Although modeling transfers through naturally fractured media has been the subject of extensive investigation since the 1960's (Bear et al. 1993, Berkowitz 2002, Adler et al. 2012), it remains a challenging field of research. Applications range between management of polluted groundwater, nuclear waste storage (Fourno et al. 2004), CO2 sequestration (Verscheure et al., 2012), oil field production or geothermal energy, this challenge have to be addressed. Numerous approaches have been proposed and may be divided into two sets: i) the continuous approaches (Fourno et al., 2013) where fractures are taken into account via equivalent properties and ii) the discrete approaches where each fracture with explicit geometry is modeled within a complex discrete fracture network (DFN) (Khvoenkova and Delorme, 2011; Noetinger and Jarrige, 2011). This work focuses only on discrete models.
The main difficulty of discrete methods is to build high-quality meshes for complex DFN geometries. The cornerstone of our Fracture Cut approach (FraC) is to decompose each fracture into a number of connected closed contours in which fractures intersections are located on their boundaries. The contour boundaries shared between intersecting fractures are then discretized in a conform manner. The resulting conforming meshes closely respect the DFN geometry; even tiny fractures are taken into account to conserve the DFN connectivity. Furthermore, flexible strategies for moving or adding intersecting points are applied to ensure a good quality of the final mesh. The shortcoming of this approach is that it increases the number of fracture intersection tests and consequently the execution time. Advanced techniques like local mesh refinement or parallel computing are applied to improve the computing performance.
The FraC approach has already been tested and validated for simulating steady-state flow and transport processes (Ngo et al., 2017). The objective of this contribution is to present some new results for well-test simulations run on FraC’s meshes. For this purpose, the complex fracture network from the synthetic Bloemendaal reservoir will be employed. The Bloemendaal field is a 12 ×15 km oil saturated carbonate reservoir that consists in a North/South oriented anticline structure characterized by 3 units, 3 rock types and 3 diffuse fracture sets. Bloemendaal reservoir faults are also known to be transversal barriers for fluids. In addition these faults are suspected of being longitudinal drains, which can be modeled using fault-related fractures. Our preliminary results emphasize the effect of these faults on well-test analysis.
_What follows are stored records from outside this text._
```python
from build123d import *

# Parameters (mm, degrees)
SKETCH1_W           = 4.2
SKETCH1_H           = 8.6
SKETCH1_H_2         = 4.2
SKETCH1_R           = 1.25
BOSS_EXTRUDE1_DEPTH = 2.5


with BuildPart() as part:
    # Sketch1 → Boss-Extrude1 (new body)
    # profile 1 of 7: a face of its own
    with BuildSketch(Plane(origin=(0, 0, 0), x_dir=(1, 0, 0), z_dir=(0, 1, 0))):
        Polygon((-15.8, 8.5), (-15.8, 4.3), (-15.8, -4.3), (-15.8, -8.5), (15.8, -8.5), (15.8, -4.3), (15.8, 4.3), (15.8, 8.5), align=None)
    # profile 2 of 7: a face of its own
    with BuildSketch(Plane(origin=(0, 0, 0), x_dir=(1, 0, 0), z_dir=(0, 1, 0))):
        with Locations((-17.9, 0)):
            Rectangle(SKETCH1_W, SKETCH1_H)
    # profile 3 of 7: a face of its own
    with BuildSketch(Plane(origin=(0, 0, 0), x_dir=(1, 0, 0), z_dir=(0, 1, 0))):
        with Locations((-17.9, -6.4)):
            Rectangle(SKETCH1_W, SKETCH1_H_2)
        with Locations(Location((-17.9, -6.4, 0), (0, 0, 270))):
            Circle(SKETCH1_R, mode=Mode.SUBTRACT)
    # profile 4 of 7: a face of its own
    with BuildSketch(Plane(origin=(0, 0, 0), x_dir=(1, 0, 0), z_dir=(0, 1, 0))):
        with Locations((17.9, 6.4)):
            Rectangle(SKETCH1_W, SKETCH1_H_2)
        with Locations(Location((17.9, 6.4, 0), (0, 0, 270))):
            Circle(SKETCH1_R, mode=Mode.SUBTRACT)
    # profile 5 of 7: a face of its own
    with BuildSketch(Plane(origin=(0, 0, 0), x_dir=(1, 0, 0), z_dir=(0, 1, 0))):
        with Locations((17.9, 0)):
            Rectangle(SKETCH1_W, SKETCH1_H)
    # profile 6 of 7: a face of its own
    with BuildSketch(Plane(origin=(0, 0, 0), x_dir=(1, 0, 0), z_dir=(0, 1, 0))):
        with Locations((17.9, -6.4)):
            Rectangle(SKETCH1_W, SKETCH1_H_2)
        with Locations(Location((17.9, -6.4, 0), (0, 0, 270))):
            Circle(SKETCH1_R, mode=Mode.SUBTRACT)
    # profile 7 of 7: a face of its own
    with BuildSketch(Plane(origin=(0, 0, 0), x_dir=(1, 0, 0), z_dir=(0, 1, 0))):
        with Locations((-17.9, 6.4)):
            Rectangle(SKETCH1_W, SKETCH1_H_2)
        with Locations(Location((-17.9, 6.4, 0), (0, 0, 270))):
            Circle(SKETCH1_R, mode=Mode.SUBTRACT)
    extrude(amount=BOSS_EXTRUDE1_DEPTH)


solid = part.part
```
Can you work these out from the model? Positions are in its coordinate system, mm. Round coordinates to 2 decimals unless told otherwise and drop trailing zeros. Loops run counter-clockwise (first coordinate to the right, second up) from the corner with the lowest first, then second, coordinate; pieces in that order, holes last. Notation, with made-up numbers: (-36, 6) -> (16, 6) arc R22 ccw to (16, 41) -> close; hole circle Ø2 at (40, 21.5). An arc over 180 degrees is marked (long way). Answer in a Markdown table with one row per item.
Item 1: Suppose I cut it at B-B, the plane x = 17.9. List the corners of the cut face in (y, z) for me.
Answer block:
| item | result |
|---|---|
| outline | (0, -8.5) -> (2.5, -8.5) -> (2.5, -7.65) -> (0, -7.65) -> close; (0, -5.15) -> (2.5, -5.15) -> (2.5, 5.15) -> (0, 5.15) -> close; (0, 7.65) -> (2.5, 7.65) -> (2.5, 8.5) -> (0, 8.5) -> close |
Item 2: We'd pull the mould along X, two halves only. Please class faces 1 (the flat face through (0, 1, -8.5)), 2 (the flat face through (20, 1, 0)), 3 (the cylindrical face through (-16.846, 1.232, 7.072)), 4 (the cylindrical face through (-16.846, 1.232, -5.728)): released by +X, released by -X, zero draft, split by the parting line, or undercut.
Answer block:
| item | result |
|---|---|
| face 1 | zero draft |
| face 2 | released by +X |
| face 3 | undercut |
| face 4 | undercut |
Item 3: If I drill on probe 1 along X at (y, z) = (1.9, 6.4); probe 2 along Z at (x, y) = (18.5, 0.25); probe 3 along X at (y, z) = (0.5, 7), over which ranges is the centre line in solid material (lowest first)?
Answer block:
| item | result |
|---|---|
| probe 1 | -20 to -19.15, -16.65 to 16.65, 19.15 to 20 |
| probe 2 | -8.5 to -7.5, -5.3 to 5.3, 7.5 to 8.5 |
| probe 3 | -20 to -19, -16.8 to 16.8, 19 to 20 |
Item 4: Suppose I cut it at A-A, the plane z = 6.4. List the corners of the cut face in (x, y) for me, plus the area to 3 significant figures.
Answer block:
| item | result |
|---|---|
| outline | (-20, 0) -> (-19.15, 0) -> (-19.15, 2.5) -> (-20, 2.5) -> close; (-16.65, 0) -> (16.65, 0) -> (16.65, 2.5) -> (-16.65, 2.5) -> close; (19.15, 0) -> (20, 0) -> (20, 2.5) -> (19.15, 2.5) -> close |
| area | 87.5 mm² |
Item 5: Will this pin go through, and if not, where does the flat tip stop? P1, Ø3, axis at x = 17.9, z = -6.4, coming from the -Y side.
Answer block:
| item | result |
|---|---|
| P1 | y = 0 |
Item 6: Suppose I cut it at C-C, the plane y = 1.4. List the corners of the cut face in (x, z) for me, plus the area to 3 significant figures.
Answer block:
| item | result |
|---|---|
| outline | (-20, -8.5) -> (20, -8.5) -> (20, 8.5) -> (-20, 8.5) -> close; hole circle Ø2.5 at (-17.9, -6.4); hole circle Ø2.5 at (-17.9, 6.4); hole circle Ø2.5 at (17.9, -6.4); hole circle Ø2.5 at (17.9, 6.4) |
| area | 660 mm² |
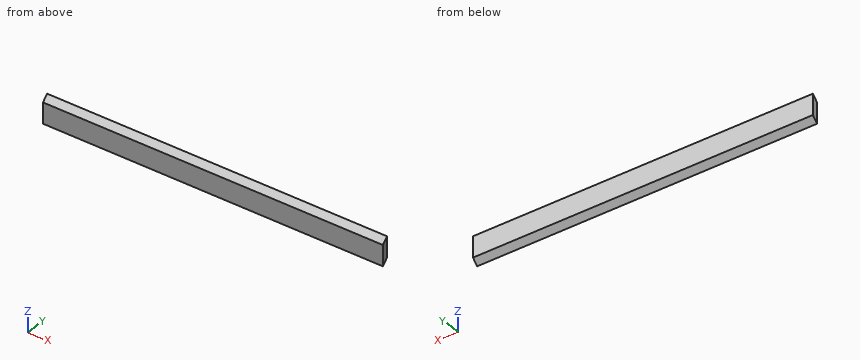
from build123d import *

# Parameters (mm, degrees)
F0_W     = 1181.1
F0_H     = 71.8312
F1_DEPTH = 19.05
F3_DEPTH = 1181.101
F5_DEPTH = 1181.1


with BuildPart() as f1:
    # F0 (on Front) → F1 (new body)
    with BuildSketch(Plane.XZ):
        Rectangle(F0_W, F0_H)
    extrude(amount=F1_DEPTH)

    # F2 (on face) → F3 (cut, through all)
    with BuildSketch(Plane.YZ.offset(590.55)):
        Polygon((0, -16.8656), (-19.05, -35.9156), (0, -35.9156), align=None)
    extrude(amount=-F3_DEPTH, mode=Mode.SUBTRACT)

    # F4 (on face) → F5 (join)
    with BuildSketch(Plane.YZ.offset(590.55)):
        Polygon((0, 54.9656), (-19.05, 35.9156), (0, 35.9156), align=None)
    extrude(amount=-F5_DEPTH)


solid = f1.part
Read the model definition and answer for the solid it produces. Units are mm, in the model's axes. Coordinates: 2 decimals unless noted, no trailing zeros. Order: outer loops, then holes, each group sorted by start corner. A loop starts at its lowest first (then second) coordinate and runs counter-clockwise, first axis right, second up. Notation, with made-up numbers: (-32.75, 61.25) - (5.25, 61.25) arc R14 ccw to (5.25, 69.25) - close; hole circle Ø5 at (71.25, -15.75). An arc over 180 degrees is marked (long way). Use one line per item in the form item = value.
(1) Given pin 1 Ø5 at (x, y) = (-218, -9.5) entering from -Z; pin 2 Ø1.5 at (x, y) = (-122, -12) entering from +Z, each flat-ended and moving along its own axis, determine where each tip first touches the part or whether it passes through.
Computed values:
pin_1 = -28.87
pin_2 = 43.72
(2) Section A-A, the plane x = 197 is taken. Give the vertices of the cut face in (y, z).
Computed values:
outline = (-19.05, -35.92) - (0, -16.87) - (0, 54.97) - (-19.05, 35.92) - close
(3) Section B-B, the plane y = -8 is taken. Give the vertices of the cut face in (x, z).
Computed values:
outline = (-590.55, -24.87) - (590.55, -24.87) - (590.55, 46.97) - (-590.55, 46.97) - close
(4) Straight lines are drawn through the part: L1, parallel to Y at x = 291.5, z = 36; L2, parallel to Y at x = -312, z = -20; L3, parallel to Z at x = -467, y = -7.5. For each, find the intervals that lie inside material, in ascending order.
Computed values:
L1 = -18.97 to 0
L2 = -19.05 to -3.13
L3 = -24.37 to 47.47
```python
from build123d import *

# Parameters (mm, degrees)
SZKIC1_W                                          = 230
SZKIC1_H                                          = 150
DODANIE_WYCI_GNI_CIE1_DEPTH                       = 5
POG_BIENIE_WALCOWE_POD_M3_RUB_Z_BEM_S_D           = 3.6
POG_BIENIE_WALCOWE_POD_M3_RUB_Z_BEM_S_DEPTH       = 6.7
POG_BIENIE_WALCOWE_POD_M3_RUB_Z_BEM_S_CBORE_D     = 7
POG_BIENIE_WALCOWE_POD_M3_RUB_Z_BEM_S_CBORE_DEPTH = 2.4
POG_BIENIE_WALCOWE_POD_M3_RUB_Z_BEM_S_TIP         = 1.081549114


with BuildPart() as part:
    # Szkic1 → Dodanie-wyciągnięcie1 (new body)
    with BuildSketch(Plane.XY):
        Rectangle(SZKIC1_W, SZKIC1_H)
    extrude(amount=DODANIE_WYCI_GNI_CIE1_DEPTH)

    # Pogłębienie walcowe pod M3 Śrubę z łbem stożkowym ściętym1
    with Locations(Plane(origin=(0, 0, 0), x_dir=(-1, 0, 0), z_dir=(0, 0, -1))):
        with Locations((105, 37.5), (105, 0), (105, -37.5), (-105, -37.5), (-105, 0), (-105, 37.5)):
            CounterBoreHole(POG_BIENIE_WALCOWE_POD_M3_RUB_Z_BEM_S_D / 2, POG_BIENIE_WALCOWE_POD_M3_RUB_Z_BEM_S_CBORE_D / 2, POG_BIENIE_WALCOWE_POD_M3_RUB_Z_BEM_S_CBORE_DEPTH, depth=POG_BIENIE_WALCOWE_POD_M3_RUB_Z_BEM_S_DEPTH)
            with Locations((0, 0, -(POG_BIENIE_WALCOWE_POD_M3_RUB_Z_BEM_S_DEPTH + POG_BIENIE_WALCOWE_POD_M3_RUB_Z_BEM_S_TIP / 2))):  # 118° drill point
                Cone(0, POG_BIENIE_WALCOWE_POD_M3_RUB_Z_BEM_S_D / 2, POG_BIENIE_WALCOWE_POD_M3_RUB_Z_BEM_S_TIP, mode=Mode.SUBTRACT)


solid = part.part
```
Work out the finished part from the listing and answer in its coordinate system (mm). A direction names the side the tool comes from. Give positions to 0.01 mm unless a question says otherwise; leave off trailing zeros. Put each result on its own line as item: value. Start each with the question number.
Item 1: This flat-tipped pin is pushed along its axis until it touches: P1, Ø5.5, axis at x = 105, y = 37.5, coming from the -Z side. Where does it stop, or does it pass through?
Item 2: The mould has two halves that part along X. Classify faces 3 (the face through (101.66, 38.55, 1.18)), 4 (the face through (-2, 75, 2)), 5 (the face through (-108.233, -1.341, 1.183)), 6 (the face through (115, -1, 2)): released by +X, released by -X, zero draft, split by the parting line, or undercut.
Item 3: Which of the six approach directions +Z, -Z, +X, -X, +Y, -Y give full straight-line access (tool end or side, diameter ignored) to faces 1 (the face through (-2, 1, 5)), 2 (the face through (-108.34, -36.45, 1.18))?
Item 4: Find the intervals of material crossed by L1, parallel to Y at x = -105, z = 3.5; L2, parallel to Y at x = -105, z = 1.1; L3, parallel to X at y = 36, z = 3.3, in increasing order. Write a range as [from, to].
Answers below:
1. P1: z = 2.4
2. face 3: undercut
2. face 4: zero draft
2. face 5: undercut
2. face 6: released by +X
3. face 1: +Z, +X, -X, +Y, -Y
3. face 2: -Z
4. L1: [-75, -39.3], [-35.7, -1.8], [1.8, 35.7], [39.3, 75]
4. L2: [-75, -41], [-34, -3.5], [3.5, 34], [41, 75]
4. L3: [-115, -105.99], [-104.01, 104.01], [105.99, 115]

Adler, P.M., Thovert, J.F., Mourzenko, V.V., 2012. Fractured Porous Media. Oxford University Press
Bear, J., Tsang, C.F., de Marsily, G., 1993. Flow and Contaminant Transport in Fractured Rock. Academic Press, San Diego, CA, USA, 560p.
Berkowitz, B., 2002. Characterizing flow and transport in fractured geological media: a review. Adv. Water Resour. 25 (8), 861–884.
Fourno, A., Grenier, C., Delay, F., Mouche, E., Benabderrahmane, H., 2004. Smeared fractures: a promising approach to model transfers in fractured media, Developments in Water Science, 55, 1003-1014.
Verscheure, M., Fourno, A., and Chilès, J.-P. 2012. Joint Inversion of Fracture Model Properties for CO2 Storage Monitoring or Oil Recovery History Matching. OGST - Rev. IFP Energies nouvelles, 67, 221-235.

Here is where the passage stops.